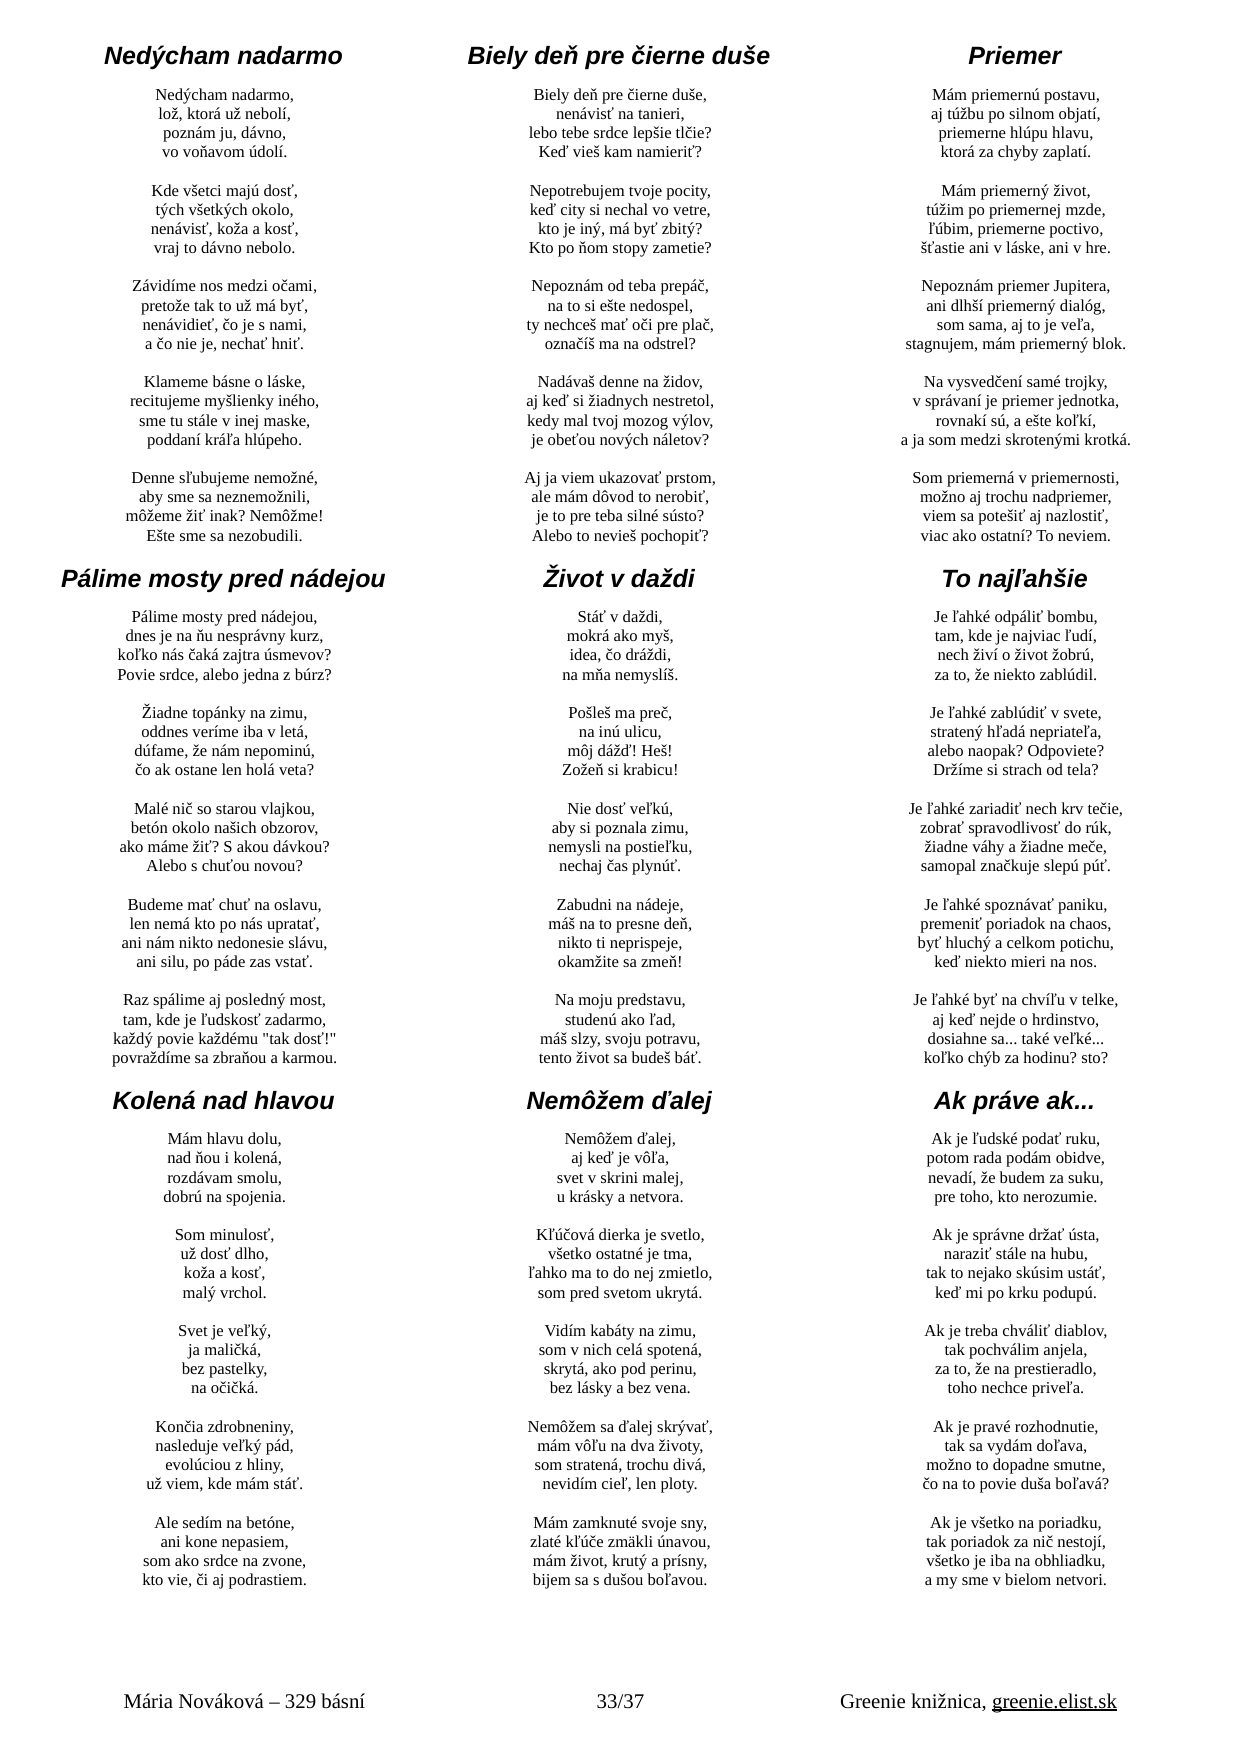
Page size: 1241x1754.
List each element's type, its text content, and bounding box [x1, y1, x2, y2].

text keď niekto mieri na nos. [833, 952, 1199, 971]
text na mňa nemyslíš. [437, 664, 803, 683]
text tak pochválim anjela, [833, 1340, 1199, 1359]
text Ak je ľudské podať ruku, [833, 1129, 1199, 1148]
text poznám ju, dávno, [41, 123, 408, 142]
text pre toho, kto nerozumie. [833, 1187, 1199, 1206]
text skrytá, ako pod perinu, [437, 1359, 803, 1378]
text na inú ulicu, [437, 722, 803, 741]
text Končia zdrobneniny, [41, 1417, 408, 1436]
text Mám zamknuté svoje sny, [437, 1512, 803, 1532]
subtitle Kolená nad hlavou [41, 1086, 408, 1115]
text Nemôžem ďalej, [437, 1129, 803, 1148]
text rozdávam smolu, [41, 1167, 408, 1187]
text Pošleš ma preč, [437, 703, 803, 722]
text Nepotrebujem tvoje pocity, [437, 180, 803, 199]
text ani kone nepasiem, [41, 1532, 408, 1551]
text môžeme žiť inak? Nemôžme! [41, 506, 408, 525]
text už dosť dlho, [41, 1244, 408, 1263]
text aby sme sa neznemožnili, [41, 487, 408, 506]
text Raz spálime aj posledný most, [41, 990, 408, 1009]
text nevadí, že budem za suku, [833, 1167, 1199, 1187]
subtitle Pálime mosty pred nádejou [41, 564, 408, 592]
text ani nám nikto nedonesie slávu, [41, 933, 408, 952]
text nemysli na postieľku, [437, 837, 803, 856]
text mokrá ako myš, [437, 626, 803, 645]
text ktorá za chyby zaplatí. [833, 142, 1199, 161]
text keď mi po krku podupú. [833, 1282, 1199, 1302]
text všetko je iba na obhliadku, [833, 1551, 1199, 1570]
text potom rada podám obidve, [833, 1148, 1199, 1167]
text čo na to povie duša boľavá? [833, 1474, 1199, 1493]
text tam, kde je najviac ľudí, [833, 626, 1199, 645]
text rovnakí sú, a ešte koľkí, [833, 410, 1199, 429]
text lož, ktorá už nebolí, [41, 104, 408, 123]
text aj túžbu po silnom objatí, [833, 104, 1199, 123]
text Kto po ňom stopy zametie? [437, 238, 803, 257]
text túžim po priemernej mzde, [833, 199, 1199, 219]
text Ak je všetko na poriadku, [833, 1512, 1199, 1532]
text viem sa potešiť aj nazlostiť, [833, 506, 1199, 525]
text mám vôľu na dva životy, [437, 1436, 803, 1455]
text Kľúčová dierka je svetlo, [437, 1225, 803, 1244]
text koľko nás čaká zajtra úsmevov? [41, 645, 408, 664]
text nechaj čas plynúť. [437, 856, 803, 875]
text Svet je veľký, [41, 1321, 408, 1340]
text okamžite sa zmeň! [437, 952, 803, 971]
text Ak je treba chváliť diablov, [833, 1321, 1199, 1340]
text Stáť v daždi, [437, 607, 803, 626]
text a my sme v bielom netvori. [833, 1570, 1199, 1589]
text ja maličká, [41, 1340, 408, 1359]
text len nemá kto po nás upratať, [41, 913, 408, 933]
text nenávisť, koža a kosť, [41, 219, 408, 238]
text aj keď nejde o hrdinstvo, [833, 1009, 1199, 1028]
subtitle Priemer [833, 41, 1199, 70]
text som pred svetom ukrytá. [437, 1282, 803, 1302]
text Keď vieš kam namieriť? [437, 142, 803, 161]
text som sama, aj to je veľa, [833, 314, 1199, 334]
text ako máme žiť? S akou dávkou? [41, 837, 408, 856]
text nenávidieť, čo je s nami, [41, 314, 408, 334]
text Nepoznám priemer Jupitera, [833, 276, 1199, 295]
text Ak je správne držať ústa, [833, 1225, 1199, 1244]
text Je ľahké byť na chvíľu v telke, [833, 990, 1199, 1009]
text a čo nie je, nechať hniť. [41, 334, 408, 353]
text poddaní kráľa hlúpeho. [41, 429, 408, 449]
text v správaní je priemer jednotka, [833, 391, 1199, 410]
text Ešte sme sa nezobudili. [41, 525, 408, 544]
subtitle Biely deň pre čierne duše [437, 41, 803, 70]
text Žiadne topánky na zimu, [41, 703, 408, 722]
text svet v skrini malej, [437, 1167, 803, 1187]
text Je ľahké zablúdiť v svete, [833, 703, 1199, 722]
text každý povie každému "tak dosť!" [41, 1028, 408, 1048]
text tak poriadok za nič nestojí, [833, 1532, 1199, 1551]
text Alebo s chuťou novou? [41, 856, 408, 875]
text betón okolo našich obzorov, [41, 818, 408, 837]
text aj keď si žiadnych nestretol, [437, 391, 803, 410]
text je to pre teba silné sústo? [437, 506, 803, 525]
text som ako srdce na zvone, [41, 1551, 408, 1570]
text koža a kosť, [41, 1263, 408, 1282]
text kedy mal tvoj mozog výlov, [437, 410, 803, 429]
text kto vie, či aj podrastiem. [41, 1570, 408, 1589]
text nevidím cieľ, len ploty. [437, 1474, 803, 1493]
text tak to nejako skúsim ustáť, [833, 1263, 1199, 1282]
text tých všetkých okolo, [41, 199, 408, 219]
text Malé nič so starou vlajkou, [41, 798, 408, 818]
text aj keď je vôľa, [437, 1148, 803, 1167]
text vraj to dávno nebolo. [41, 238, 408, 257]
text Zožeň si krabicu! [437, 760, 803, 779]
text máš na to presne deň, [437, 913, 803, 933]
text Ak je pravé rozhodnutie, [833, 1417, 1199, 1436]
subtitle Nedýcham nadarmo [41, 41, 408, 70]
text tento život sa budeš báť. [437, 1048, 803, 1067]
text Nemôžem sa ďalej skrývať, [437, 1417, 803, 1436]
text kto je iný, má byť zbitý? [437, 219, 803, 238]
text Klameme básne o láske, [41, 372, 408, 391]
text stagnujem, mám priemerný blok. [833, 334, 1199, 353]
text Mám priemerný život, [833, 180, 1199, 199]
text môj dážď! Heš! [437, 741, 803, 760]
text Držíme si strach od tela? [833, 760, 1199, 779]
text idea, čo dráždi, [437, 645, 803, 664]
text Nedýcham nadarmo, [41, 84, 408, 104]
text Biely deň pre čierne duše, [437, 84, 803, 104]
text šťastie ani v láske, ani v hre. [833, 238, 1199, 257]
text Zabudni na nádeje, [437, 894, 803, 913]
text dobrú na spojenia. [41, 1187, 408, 1206]
subtitle Ak práve ak... [833, 1086, 1199, 1115]
text Vidím kabáty na zimu, [437, 1321, 803, 1340]
text za to, že niekto zablúdil. [833, 664, 1199, 683]
text Je ľahké zariadiť nech krv tečie, [833, 798, 1199, 818]
text je obeťou nových náletov? [437, 429, 803, 449]
text tam, kde je ľudskosť zadarmo, [41, 1009, 408, 1028]
text Denne sľubujeme nemožné, [41, 468, 408, 487]
text možno aj trochu nadpriemer, [833, 487, 1199, 506]
text nenávisť na tanieri, [437, 104, 803, 123]
text bez lásky a bez vena. [437, 1378, 803, 1397]
text naraziť stále na hubu, [833, 1244, 1199, 1263]
text keď city si nechal vo vetre, [437, 199, 803, 219]
subtitle Nemôžem ďalej [437, 1086, 803, 1115]
text malý vrchol. [41, 1282, 408, 1302]
subtitle To najľahšie [833, 564, 1199, 592]
text dúfame, že nám nepominú, [41, 741, 408, 760]
text oddnes veríme iba v letá, [41, 722, 408, 741]
text povraždíme sa zbraňou a karmou. [41, 1048, 408, 1067]
text už viem, kde mám stáť. [41, 1474, 408, 1493]
text Kde všetci majú dosť, [41, 180, 408, 199]
text aby si poznala zimu, [437, 818, 803, 837]
text máš slzy, svoju potravu, [437, 1028, 803, 1048]
text ale mám dôvod to nerobiť, [437, 487, 803, 506]
text všetko ostatné je tma, [437, 1244, 803, 1263]
text alebo naopak? Odpoviete? [833, 741, 1199, 760]
text priemerne hlúpu hlavu, [833, 123, 1199, 142]
text Na moju predstavu, [437, 990, 803, 1009]
text Závidíme nos medzi očami, [41, 276, 408, 295]
text bijem sa s dušou boľavou. [437, 1570, 803, 1589]
text nech živí o život žobrú, [833, 645, 1199, 664]
text studenú ako ľad, [437, 1009, 803, 1028]
text som stratená, trochu divá, [437, 1455, 803, 1474]
text koľko chýb za hodinu? sto? [833, 1048, 1199, 1067]
text sme tu stále v inej maske, [41, 410, 408, 429]
text Je ľahké odpáliť bombu, [833, 607, 1199, 626]
text som v nich celá spotená, [437, 1340, 803, 1359]
text Ale sedím na betóne, [41, 1512, 408, 1532]
text označíš ma na odstrel? [437, 334, 803, 353]
text zlaté kľúče zmäkli únavou, [437, 1532, 803, 1551]
text čo ak ostane len holá veta? [41, 760, 408, 779]
text bez pastelky, [41, 1359, 408, 1378]
text Budeme mať chuť na oslavu, [41, 894, 408, 913]
text žiadne váhy a žiadne meče, [833, 837, 1199, 856]
text dosiahne sa... také veľké... [833, 1028, 1199, 1048]
text možno to dopadne smutne, [833, 1455, 1199, 1474]
text na to si ešte nedospel, [437, 295, 803, 314]
text u krásky a netvora. [437, 1187, 803, 1206]
text pretože tak to už má byť, [41, 295, 408, 314]
text Je ľahké spoznávať paniku, [833, 894, 1199, 913]
text zobrať spravodlivosť do rúk, [833, 818, 1199, 837]
text toho nechce priveľa. [833, 1378, 1199, 1397]
text dnes je na ňu nesprávny kurz, [41, 626, 408, 645]
text evolúciou z hliny, [41, 1455, 408, 1474]
text Alebo to nevieš pochopiť? [437, 525, 803, 544]
text Nie dosť veľkú, [437, 798, 803, 818]
subtitle Život v daždi [437, 564, 803, 592]
text ani dlhší priemerný dialóg, [833, 295, 1199, 314]
text a ja som medzi skrotenými krotká. [833, 429, 1199, 449]
text nikto ti neprispeje, [437, 933, 803, 952]
text stratený hľadá nepriateľa, [833, 722, 1199, 741]
text Mám priemernú postavu, [833, 84, 1199, 104]
text lebo tebe srdce lepšie tlčie? [437, 123, 803, 142]
text premeniť poriadok na chaos, [833, 913, 1199, 933]
text Aj ja viem ukazovať prstom, [437, 468, 803, 487]
text Som minulosť, [41, 1225, 408, 1244]
text Na vysvedčení samé trojky, [833, 372, 1199, 391]
text Nepoznám od teba prepáč, [437, 276, 803, 295]
text samopal značkuje slepú púť. [833, 856, 1199, 875]
text nad ňou i kolená, [41, 1148, 408, 1167]
text ty nechceš mať oči pre plač, [437, 314, 803, 334]
text Povie srdce, alebo jedna z búrz? [41, 664, 408, 683]
text za to, že na prestieradlo, [833, 1359, 1199, 1378]
text recitujeme myšlienky iného, [41, 391, 408, 410]
text tak sa vydám doľava, [833, 1436, 1199, 1455]
text Pálime mosty pred nádejou, [41, 607, 408, 626]
text Nadávaš denne na židov, [437, 372, 803, 391]
text vo voňavom údolí. [41, 142, 408, 161]
text nasleduje veľký pád, [41, 1436, 408, 1455]
text viac ako ostatní? To neviem. [833, 525, 1199, 544]
text mám život, krutý a prísny, [437, 1551, 803, 1570]
text na očičká. [41, 1378, 408, 1397]
text Mám hlavu dolu, [41, 1129, 408, 1148]
text ľahko ma to do nej zmietlo, [437, 1263, 803, 1282]
text Som priemerná v priemernosti, [833, 468, 1199, 487]
text byť hluchý a celkom potichu, [833, 933, 1199, 952]
text ľúbim, priemerne poctivo, [833, 219, 1199, 238]
text ani silu, po páde zas vstať. [41, 952, 408, 971]
^^^^
*DIRECTIONS FOR THIS TASK*
Where the listing above reaches the line that contains "text tých všetkých okolo, [41, 199, 408, 219]", start retyping, and finish with the line that contains "text je obeťou"; reproduce those lines exactly and no others.

*PROBLEM SOLUTION*
text tých všetkých okolo, [41, 199, 408, 219]
text Malé nič so starou vlajkou, [41, 798, 408, 818]
text aj keď je vôľa, [437, 1148, 803, 1167]
text vraj to dávno nebolo. [41, 238, 408, 257]
text Zožeň si krabicu! [437, 760, 803, 779]
text máš na to presne deň, [437, 913, 803, 933]
text Ak je pravé rozhodnutie, [833, 1417, 1199, 1436]
subtitle Nedýcham nadarmo [41, 41, 408, 70]
text tento život sa budeš báť. [437, 1048, 803, 1067]
text Nemôžem sa ďalej skrývať, [437, 1417, 803, 1436]
text kto je iný, má byť zbitý? [437, 219, 803, 238]
text Klameme básne o láske, [41, 372, 408, 391]
text stagnujem, mám priemerný blok. [833, 334, 1199, 353]
text Mám priemerný život, [833, 180, 1199, 199]
text môj dážď! Heš! [437, 741, 803, 760]
text Držíme si strach od tela? [833, 760, 1199, 779]
text idea, čo dráždi, [437, 645, 803, 664]
text Nedýcham nadarmo, [41, 84, 408, 104]
text Biely deň pre čierne duše, [437, 84, 803, 104]
text šťastie ani v láske, ani v hre. [833, 238, 1199, 257]
text Zabudni na nádeje, [437, 894, 803, 913]
text dobrú na spojenia. [41, 1187, 408, 1206]
subtitle Ak práve ak... [833, 1086, 1199, 1115]
text Vidím kabáty na zimu, [437, 1321, 803, 1340]
text za to, že niekto zablúdil. [833, 664, 1199, 683]
text Je ľahké zariadiť nech krv tečie, [833, 798, 1199, 818]
text je obeťou nových náletov? [437, 429, 803, 449]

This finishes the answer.